Plasmonic Hot Electron Transport Driven Site-Specific Surface-Chemistry with Nanoscale Spatial Resolution

TL;DR

This study maps hot-electron-driven surface chemistry at 15 nm resolution on plasmonic nanostructures, revealing how hot carrier transport localizes reactive regions and advances nanoscale surface chemistry control.

Contribution

It provides the first spatially resolved mapping of hot-electron-driven reactions, combining experiments with first-principles calculations to understand hot carrier localization.

Findings

Hot-electron-driven reduction chemistry localized at 15 nm resolution.

Reactive regions determined by hot carrier transport from high-field areas.
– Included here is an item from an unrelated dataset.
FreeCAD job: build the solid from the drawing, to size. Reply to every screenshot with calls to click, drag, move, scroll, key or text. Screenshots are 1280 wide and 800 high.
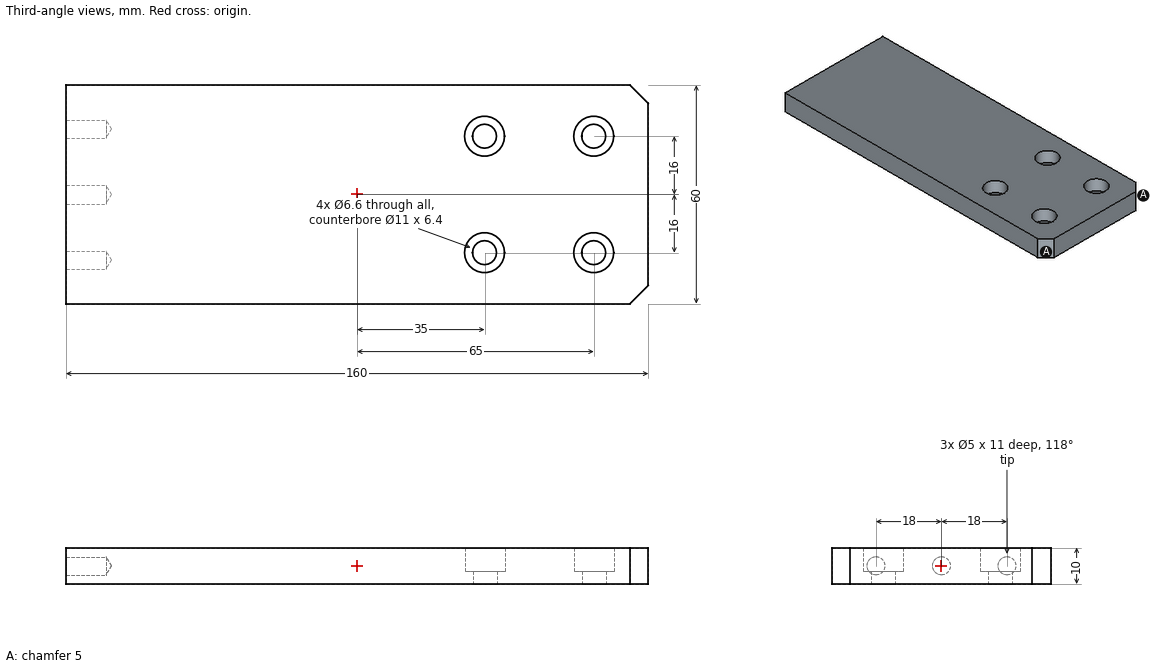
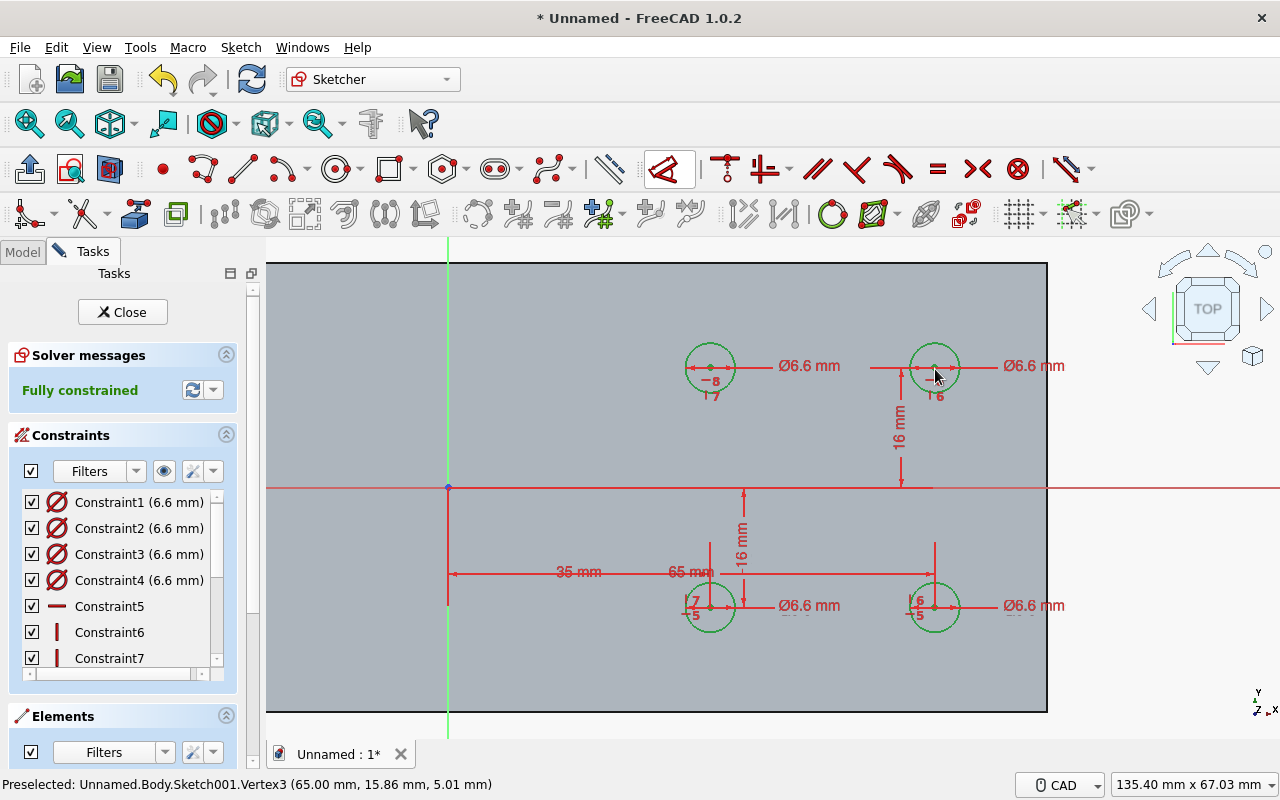
click(123, 312)

Theoretical predictions align with experimental localization patterns.

Abstract

Nanoscale localization of electromagnetic fields near metallic nanostructures underpins the fundamentals and applications of plasmonics. The unavoidable energy loss from plasmon decay, initially seen as a detriment, has now expanded the scope of plasmonic applications to exploit the generated hot carriers. However, quantitative understanding of the spatial localization of these hot carriers, akin to electromagnetic near-field maps, has been elusive. Here we spatially map hot-electron-driven reduction chemistry with 15 nanometre resolution as a function of time and electromagnetic field polarization for different plasmonic nanostructures. We combine experiments employing a six-electron photo-recycling process that modify the terminal group of a self-assembled monolayer on plasmonic silver nanoantennas, with theoretical predictions from first-principles calculations of non-equilibrium hot-carrier transport in these systems. The resulting localization of reactive regions, determined by hot carrier transport from high-field regions, paves the way for hot-carrier extraction science and nanoscale regio-selective surface chemistry.